Whether you’re employed or self-employed, income protection is a long-term insurance policy designed to ensure you receive a regular income until you either retire or are fit to return to work.

Surprisingly, only a small fraction of the UK population – less than one in ten, to be precise – has this type of cover in place, according to research[1]. This is despite the alarming statistic that 42% of UK adults are concerned about their household’s ability to cope financially if they cannot work[2].

Gender protection gap

There is also a notable gender protection gap. A significant 29% of women surveyed indicated that they couldn’t afford protection, in contrast to 23% of men. Moreover, over a quarter of women admitted they would have to rely on their partner’s income if they found themselves unable to work. This reliance underscores the importance of personal financial independence and protection planning.

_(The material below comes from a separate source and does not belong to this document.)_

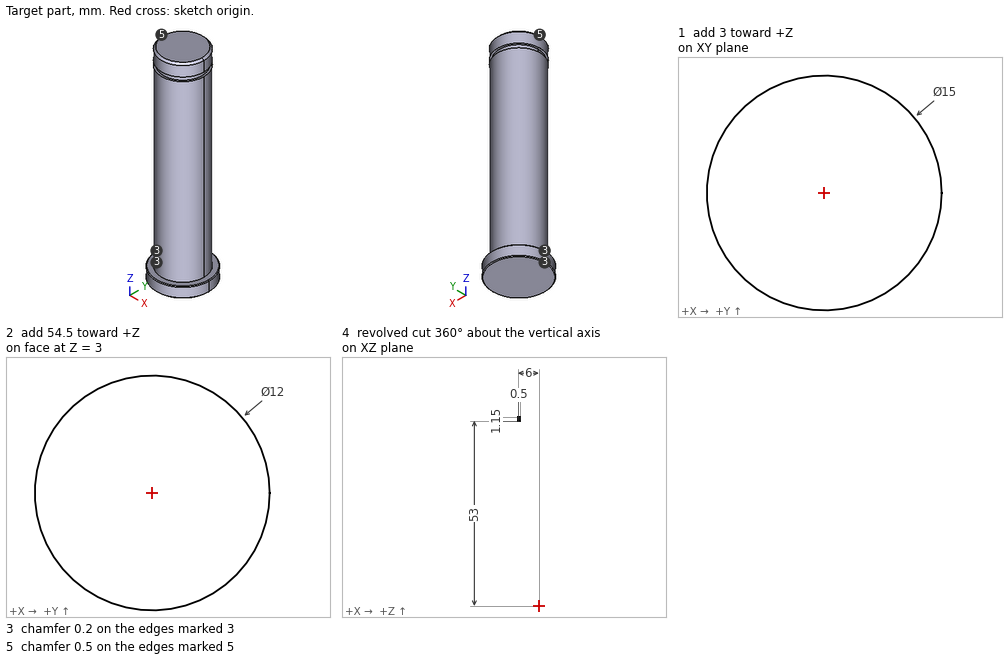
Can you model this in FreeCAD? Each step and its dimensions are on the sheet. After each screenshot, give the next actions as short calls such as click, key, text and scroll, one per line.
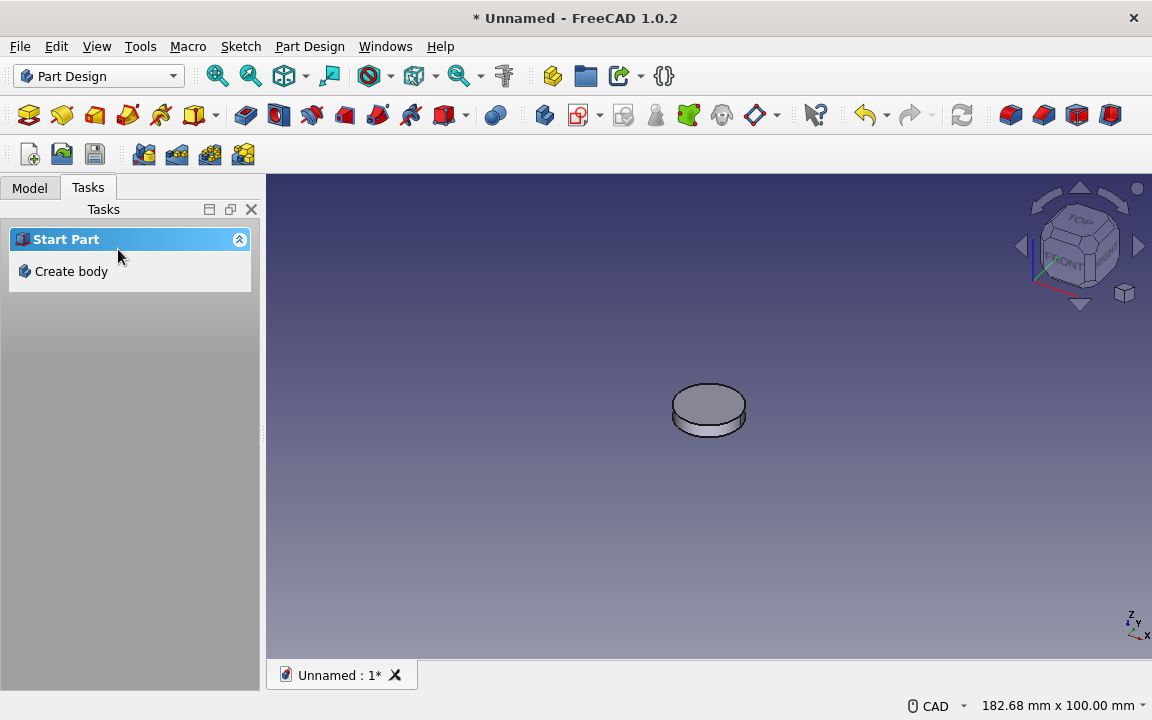
click(218, 76)

Replace a portion of your income

Income protection insurance offers regular payments that replace a portion of your income. These payments are made until you can return to work, retire, pass away, or reach the end of the policy term – whichever happens first. Typically, the policy covers between 50% and 65% of your income, addressing a wide range of illnesses that may prevent you from working, both in the short and long term.

Claim as many times as necessary

A significant advantage of this type of insurance is its flexibility. You can claim as many times as necessary during the policy’s lifespan. However, it’s important to note that there is often a pre-agreed waiting, or ‘deferred’, period before payments commence. Typical waiting periods range from four weeks up to a year, with longer waiting times generally resulting in lower monthly premiums.

Few employers offer extended support

It’s crucial to differentiate income protection from critical illness insurance, which provides a one-off lump sum upon diagnosis of a specified serious condition. When unable to work due to illness or an accident, many people might assume their employer will continue to provide some income support. The reality is that employees often transition to Statutory Sick Pay within six months, with few employers offering extended support beyond a year.

Evaluating your employer’s support

It’s essential to verify what support your employer offers if you become incapacitated.
The loss of income can quickly erode savings and make it difficult to cover essential household bills, especially if you’re self-employed and lack sick pay benefits. This is where income protection insurance becomes invaluable, providing the peace of mind that your financial obligations are met, even in the face of adversity.

Source data:
[1] The survey data was collected and analysed by Censuswide Research. The total sample size was 4,043 UK adults, including 1,000 self-employed and 1,000 private renter respondents. Fieldwork was undertaken between 17th and 29th April 2024. The survey was carried out online. The figures have been weighted and represent all UK adults (aged 18+).
[2] The survey data was collected and analysed by YouGov plc. The total sample size was 2,059 adults. Fieldwork was undertaken between 2nd - 8th February 2024. The survey was carried out online. The figures have been weighted and are representative of all UK adults (aged 18+). 

 

THIS ARTICLE DOES NOT CONSTITUTE TAX, LEGAL, OR FINANCIAL ADVICE AND SHOULD NOT BE RELIED UPON AS SUCH. TAX TREATMENT DEPENDS ON THE INDIVIDUAL CIRCUMSTANCES OF EACH CLIENT AND MAY BE SUBJECT TO CHANGE IN THE FUTURE. FOR GUIDANCE, SEEK PROFESSIONAL ADVICE.